# Xbox HDD problem or dashboard deleted?



## darth_pheonix (Mar 1, 2019)

So I softmodded my Xbox a while back, and wanted to upgrade the HDD around the same time. But when I was trying to do so I managed to screw it up, I was trying to use chimp to flash another hard drive with everything from the old one and something went wrong along the way. The xbox still boots up games, it still runs fine, I just can't get to the dashboard, any dashboard for that matter. When I boot it with no game in it after the flubber screen it just starts flashing a red x in a clear box. I have a video of it here. If anyone can give me any pointers on what I can do to fix it and upgrade the HDD to a larger one that would be fantastic


----------



## DinohScene (Mar 1, 2019)

Do you still have one of the exploits on the HDD?
If yes then boot into the softmod menu, start up an FTP server and copy a newly hacked dash to the C drive.


----------



## Rocky5 (Mar 1, 2019)

Burn my extras disc and upgrade your softmod to mine. Before upgrading your drive null your eeprom hdd key. This can be done by loading NKPatcher Settings > EEPROM > Advanced Features > HDD > Null key

When done use the extras disc to install Chimp 261812 and then upgrade your hdd.

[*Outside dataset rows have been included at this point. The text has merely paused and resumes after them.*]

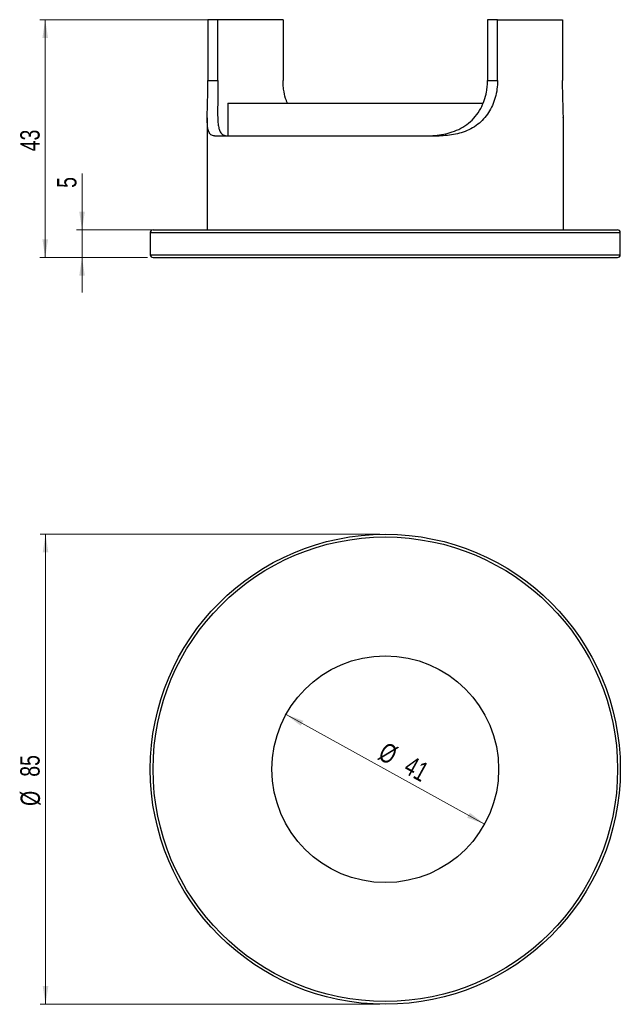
# Model space of a CAD drawing. Header units: millimetres. Extents: x 32 to 141, y 78 to 256.
import ezdxf

# ---------------------------------------------------------------- set-up
doc = ezdxf.new("R2010")
doc.units = ezdxf.units.MM
doc.styles.add('SLDTEXTSTYLE0', font='TXT', dxfattribs={"width": 0.75})
doc.dimstyles.new('SLDDIMSTYLE0', dxfattribs={"dimtxt": 3.5, "dimasz": 3.302, "dimexe": 0, "dimexo": 0.0625, "dimgap": 0.875, "dimtad": 1, "dimdec": 0, "dimrnd": 1e-09, "dimzin": 12, "dimdsep": 46, "dimtxsty": 'SLDTEXTSTYLE0', "dimsah": 1, "dimcen": 0.09, "dimadec": 0, "dimazin": 3, "dimtfac": 1, "dimtofl": 0, "dimtmove": 0, "dimatfit": 3, "dimfxl": 0, "dimfrac": 2, "dimtolj": 1, "dimtzin": 12, "dimarcsym": 0})
doc.dimstyles.new('SLDDIMSTYLE1', dxfattribs={"dimtxt": 3.5, "dimasz": 3.302, "dimexe": 0, "dimexo": 0.0625, "dimgap": 0.875, "dimtad": 1, "dimdec": 0, "dimrnd": 1e-09, "dimzin": 12, "dimdsep": 46, "dimtxsty": 'SLDTEXTSTYLE0', "dimsah": 1, "dimcen": 0.09, "dimadec": 0, "dimazin": 3, "dimtfac": 1, "dimtmove": 0, "dimatfit": 0, "dimfxl": 0, "dimfrac": 2, "dimtolj": 1, "dimtzin": 12, "dimarcsym": 0})
doc.dimstyles.new('SLDDIMSTYLE2', dxfattribs={"dimtxt": 3.5, "dimasz": 3.302, "dimexe": 0, "dimexo": 0.0625, "dimgap": 0.875, "dimtad": 1, "dimdec": 0, "dimrnd": 1e-09, "dimzin": 12, "dimdsep": 46, "dimtxsty": 'SLDTEXTSTYLE0', "dimsah": 1, "dimcen": 0.09, "dimadec": 0, "dimazin": 3, "dimtfac": 1, "dimtdec": 0, "dimtofl": 0, "dimtmove": 0, "dimatfit": 3, "dimfxl": 0, "dimfrac": 2, "dimtolj": 1, "dimtzin": 12, "dimarcsym": 0})
doc.dimstyles.new('SLDDIMSTYLE3', dxfattribs={"dimtxt": 3.5, "dimasz": 3.302, "dimexe": 0, "dimexo": 0.0625, "dimgap": 0.875, "dimtad": 1, "dimdec": 0, "dimrnd": 1e-09, "dimzin": 12, "dimdsep": 46, "dimtxsty": 'SLDTEXTSTYLE0', "dimsah": 1, "dimcen": 0, "dimadec": 0, "dimazin": 3, "dimtfac": 1, "dimtdec": 0, "dimtmove": 0, "dimatfit": 3, "dimfxl": 0, "dimfrac": 2, "dimtolj": 1, "dimtzin": 12, "dimarcsym": 0})

# ---------------------------------------------------------------- blocks, each defined once
blk = doc.blocks.new('_D')
at = {"color": 7, "linetype": 'Continuous', "lineweight": 0}
for p, q in [((67.11, 256.48), (35.87, 256.48)), ((36.87, 256.48), (36.87, 213.48)), ((55.37, 213.48), (35.87, 213.48))]:
    blk.add_line(p, q, dxfattribs=at)
at = {"color": 7, "linetype": 'Continuous', "lineweight": 18}
for points in [[(36.87, 256.48), (36.36, 253.18), (37.38, 253.18)], [(36.87, 213.48), (37.38, 216.78), (36.36, 216.78)]]:
    blk.add_solid(points, dxfattribs=at)
at = {"color": 7, "linetype": 'Continuous', "lineweight": 18, "insert": (32.36, 232.69), "char_height": 3.5, "attachment_point": 1, "rotation": 90, "style": 'SLDTEXTSTYLE0'}
blk.add_mtext('43', dxfattribs=at)
blk = doc.blocks.new('_D_1')
at = {"color": 7, "linetype": 'Continuous', "lineweight": 0}
for p, q in [((43.53, 218.48), (43.53, 228.66)), ((56.17, 218.48), (42.53, 218.48)), ((43.53, 218.48), (43.53, 213.48)), ((55.37, 213.48), (42.53, 213.48)), ((43.53, 213.48), (43.53, 207.13))]:
    blk.add_line(p, q, dxfattribs=at)
at = {"color": 7, "linetype": 'Continuous', "lineweight": 18}
for points in [[(43.53, 218.48), (44.04, 221.78), (43.02, 221.78)], [(43.53, 213.48), (43.02, 210.18), (44.04, 210.18)]]:
    blk.add_solid(points, dxfattribs=at)
at = {"color": 7, "linetype": 'Continuous', "lineweight": 18, "insert": (39.02, 226.08), "char_height": 3.5, "attachment_point": 1, "rotation": 90, "style": 'SLDTEXTSTYLE0'}
blk.add_mtext('5', dxfattribs=at)
blk = doc.blocks.new('_D_2')
at = {"color": 7, "linetype": 'Continuous', "lineweight": 0}
for p, q in [((97.37, 163.44), (35.93, 163.44)), ((36.93, 163.44), (36.93, 78.44)), ((97.37, 78.44), (35.93, 78.44))]:
    blk.add_line(p, q, dxfattribs=at)
at = {"color": 7, "linetype": 'Continuous', "lineweight": 18}
for points in [[(36.93, 163.44), (36.42, 160.14), (37.44, 160.14)], [(36.93, 78.44), (37.44, 81.74), (36.42, 81.74)]]:
    blk.add_solid(points, dxfattribs=at)
at = {"color": 7, "linetype": 'Continuous', "lineweight": 18, "char_height": 3.5, "attachment_point": 1, "rotation": 90, "style": 'SLDTEXTSTYLE0'}
for s, insert in [('85', (32.36, 119.59)), ('%%c', (32.42, 114.31))]:
    blk.add_mtext(s, dxfattribs=dict(at, insert=insert))
blk = doc.blocks.new('_D_3')
at = {"color": 7, "linetype": 'Continuous', "lineweight": 0}
blk.add_line((116.32, 111.03), (80.42, 130.85), dxfattribs=at)
at = {"color": 7, "linetype": 'Continuous', "lineweight": 18}
for points in [[(80.42, 130.85), (83.07, 128.81), (83.56, 129.69)], [(116.32, 111.03), (113.67, 113.07), (113.18, 112.18)]]:
    blk.add_solid(points, dxfattribs=at)
at = {"color": 7, "linetype": 'Continuous', "lineweight": 18, "char_height": 3.5, "attachment_point": 1, "rotation": 331.0937, "style": 'SLDTEXTSTYLE0'}
for s, insert in [('%%c', (98.52, 126.01)), ('41', (103.16, 123.51))]:
    blk.add_mtext(s, dxfattribs=dict(at, insert=insert))

msp = doc.modelspace()

# ---------------------------------------------------------------- linework, layer by layer
at = {"color": 7, "linetype": 'Continuous', "lineweight": 25}
for p, q in [((66.3, 256.48), (66.3, 245.48)), ((68.11, 256.48), (66.3, 256.48)), ((68.11, 245.48), (68.11, 256.48)), ((79.88, 256.48), (68.11, 256.48)), ((79.88, 256.48), (79.88, 245.48)), ((116.86, 256.48), (116.86, 245.48)), ((118.67, 256.48), (116.86, 256.48)), ((118.67, 245.48), (118.67, 256.48)), ((118.67, 256.48), (130.44, 256.48)), ((130.44, 256.48), (130.44, 245.48)), ((66.3, 245.48), (68.11, 245.48)), ((116.86, 245.48), (118.67, 245.48)), ((69.87, 241.38), (69.87, 235.48)), ((69.87, 241.38), (116.08, 241.38)), ((66.17, 238.74), (66.17, 218.48)), ((130.57, 218.48), (130.57, 238.74)), ((67.46, 235.48), (108.1, 235.48)), ((55.87, 217.98), (55.87, 213.98)), ((55.87, 217.98), (135.87, 217.98)), ((56.37, 218.48), (135.43, 218.48)), ((135.43, 218.48), (140.37, 218.48)), ((135.87, 217.98), (140.87, 217.98)), ((140.87, 213.98), (140.87, 217.98)), ((55.87, 213.98), (135.87, 213.98)), ((135.87, 213.98), (140.87, 213.98)), ((56.37, 213.48), (135.43, 213.48)), ((135.43, 213.48), (140.37, 213.48))]:
    msp.add_line(p, q, dxfattribs=at)
for radius in [42.5, 42, 20.5]:
    msp.add_circle((98.37, 120.94), radius, dxfattribs=at)
for centre, start, end in [((56.37, 217.98), 90, 180), ((140.37, 217.98), 360, 90), ((56.37, 213.98), 180, 270), ((140.37, 213.98), 270, 0)]:
    msp.add_arc(centre, 0.5, start, end, dxfattribs=at)
for points, knots in [([(67.46, 235.48), (67.24, 235.51), (66.91, 235.56), (66.61, 235.88), (66.4, 236.28), (66.25, 236.91), (66.17, 237.87), (66.17, 239.1), (66.2, 240.5), (66.25, 242.04), (66.29, 243.69), (66.3, 244.87), (66.3, 245.48)], [0, 0, 0, 0, 0.143262, 0.217251, 0.29122, 0.393417, 0.49836, 0.600666, 0.7066, 0.799115, 0.894583, 1, 1, 1, 1]), ([(68.11, 245.48), (68.11, 244.97), (68.11, 243.94), (68.08, 242.44), (68.06, 241.02), (68.04, 239.73), (68.06, 238.58), (68.13, 237.59), (68.27, 236.79), (68.48, 236.23), (68.75, 235.86), (69.05, 235.64), (69.41, 235.5), (69.7, 235.49), (69.84, 235.48)], [0, 0, 0, 0, 0.085362, 0.173234, 0.258591, 0.346369, 0.432868, 0.521605, 0.613635, 0.707736, 0.7796, 0.851483, 0.925734, 1, 1, 1, 1]), ([(80.69, 241.38), (80.62, 241.54), (80.32, 242.18), (80.08, 243.23), (79.9, 244.45), (79.89, 245.14), (79.88, 245.48)], [0, 0, 0, 0, 0.129842, 0.517037, 0.758519, 1, 1, 1, 1]), ([(105.71, 235.48), (106.26, 235.49), (107.35, 235.52), (108.95, 235.75), (110.53, 236.15), (112.05, 236.8), (113.47, 237.73), (114.69, 238.93), (115.63, 240.33), (116.3, 241.85), (116.66, 243.23), (116.83, 244.45), (116.85, 245.14), (116.86, 245.48)], [0, 0, 0, 0, 0.094894, 0.190017, 0.284743, 0.388221, 0.49161, 0.595727, 0.699782, 0.792241, 0.884688, 0.942344, 1, 1, 1, 1]), ([(118.67, 245.48), (118.65, 244.96), (118.61, 243.92), (118.29, 242.4), (117.78, 240.97), (117.08, 239.65), (116.18, 238.5), (115.11, 237.51), (113.86, 236.71), (112.5, 236.12), (111.07, 235.74), (109.61, 235.52), (108.6, 235.49), (108.1, 235.48)], [0, 0, 0, 0, 0.0893036, 0.1786098, 0.2678622, 0.3571274, 0.4473581, 0.5376214, 0.6329225, 0.7282804, 0.8186917, 0.9094559, 1, 1, 1, 1]), ([(130.56, 238.74), (130.57, 238.87), (130.57, 239.4), (130.53, 240.51), (130.49, 242.04), (130.44, 243.69), (130.44, 244.87), (130.44, 245.48)], [0, 0, 0, 0, 0.07542, 0.320689, 0.534891, 0.755927, 1, 1, 1, 1])]:
    msp.add_open_spline(points, degree=3, knots=knots, dxfattribs=at)

# ---------------------------------------------------------------- dimensions: what is measured, and where the dimension line sits
at = {"color": 7, "linetype": 'Continuous', "lineweight": 18}
for base, p1, dimstyle, picture, middle in [((36.87, 213.48), (68.11, 256.48), 'SLDDIMSTYLE0', '_D', (36.87, 235.28)), ((43.53, 213.48), (57.17, 218.48), 'SLDDIMSTYLE1', '_D_1', (43.53, 227.37))]:
    dim = msp.add_linear_dim(base=base, p1=p1, p2=(56.37, 213.48), angle=90, dimstyle=dimstyle, dxfattribs=at)
    dim.commit()
    dim.dimension.update_dxf_attribs({"geometry": picture, "text_midpoint": middle, "dimtype": 160})
dim = msp.add_linear_dim(base=(36.93, 78.44), p1=(98.37, 163.44), p2=(98.37, 78.44), angle=90, text='%%c<>', dimstyle='SLDDIMSTYLE2', dxfattribs=at)
dim.commit()
dim.dimension.update_dxf_attribs({"geometry": '_D_2', "text_midpoint": (36.93, 119.53), "dimtype": 160})
dim = msp.add_diameter_dim_2p(p1=(116.32, 111.03), p2=(80.42, 130.85), dimstyle='SLDDIMSTYLE3', dxfattribs=at)
dim.commit()
dim.dimension.update_dxf_attribs({"geometry": '_D_3', "text_midpoint": (100.91, 119.53), "dimtype": 163})

doc.saveas('drawing.dxf')

Upgrade softmods = Advanced features > Upgrade old softmods
Where Chimp is located = Advanced features > Advanced Apps

Prebuilt build = https://drive.google.com/drive/folders/0BzRN8P835YijRU94cVNNWFA1Z28
Source code = https://github.com/Rocky5/Xbox-Softmodding-Tool/
Read me for softmod = https://github.com/Rocky5/Xbox-Softmodding-Tool/blob/master/README.md


----------



## darth_pheonix (Mar 1, 2019)

Rocky5 said:


> Burn my extras disc and upgrade your softmod to mine. Before upgrading your drive null your eeprom hdd key. This can be done by loading NKPatcher Settings > EEPROM > Advanced Features > HDD > Null key
> 
> When done use the extras disc to install Chimp 261812 and then upgrade your hdd.
> 
> ...



Thank you so much! Your extras disc helped me fix it! Now the only problem is Chimp isn't booting up, or maybe I'm doing it wrong? I've booted it up, and it just goes to a black screen or just locks up the xbox entirely. Any ideas?

**Edit** Could it just be showing a black screen because I'm using the HDMI cable thing causing it not to show up?


----------



## Rocky5 (Mar 5, 2019)

darth_pheonix said:


> Thank you so much! Your extras disc helped me fix it! Now the only problem is Chimp isn't booting up, or maybe I'm doing it wrong? I've booted it up, and it just goes to a black screen or just locks up the xbox entirely. Any ideas?
> 
> **Edit** Could it just be showing a black screen because I'm using the HDMI cable thing causing it not to show up?


Probably yeah, use normal SD cables if you have hem.


----------



## Buffdaddy (May 25, 2019)

Yes, I had same issue, while attempting my first softmod / hdd upgrade I too got a black screen when loading chimp while using Component cable, so I swapped to my old Composite cable and then chimp showed up fine, even though it was black and white.. But I assume that was only because im in Uk with a Pal system and had the console set as NTSC and 60hz


----------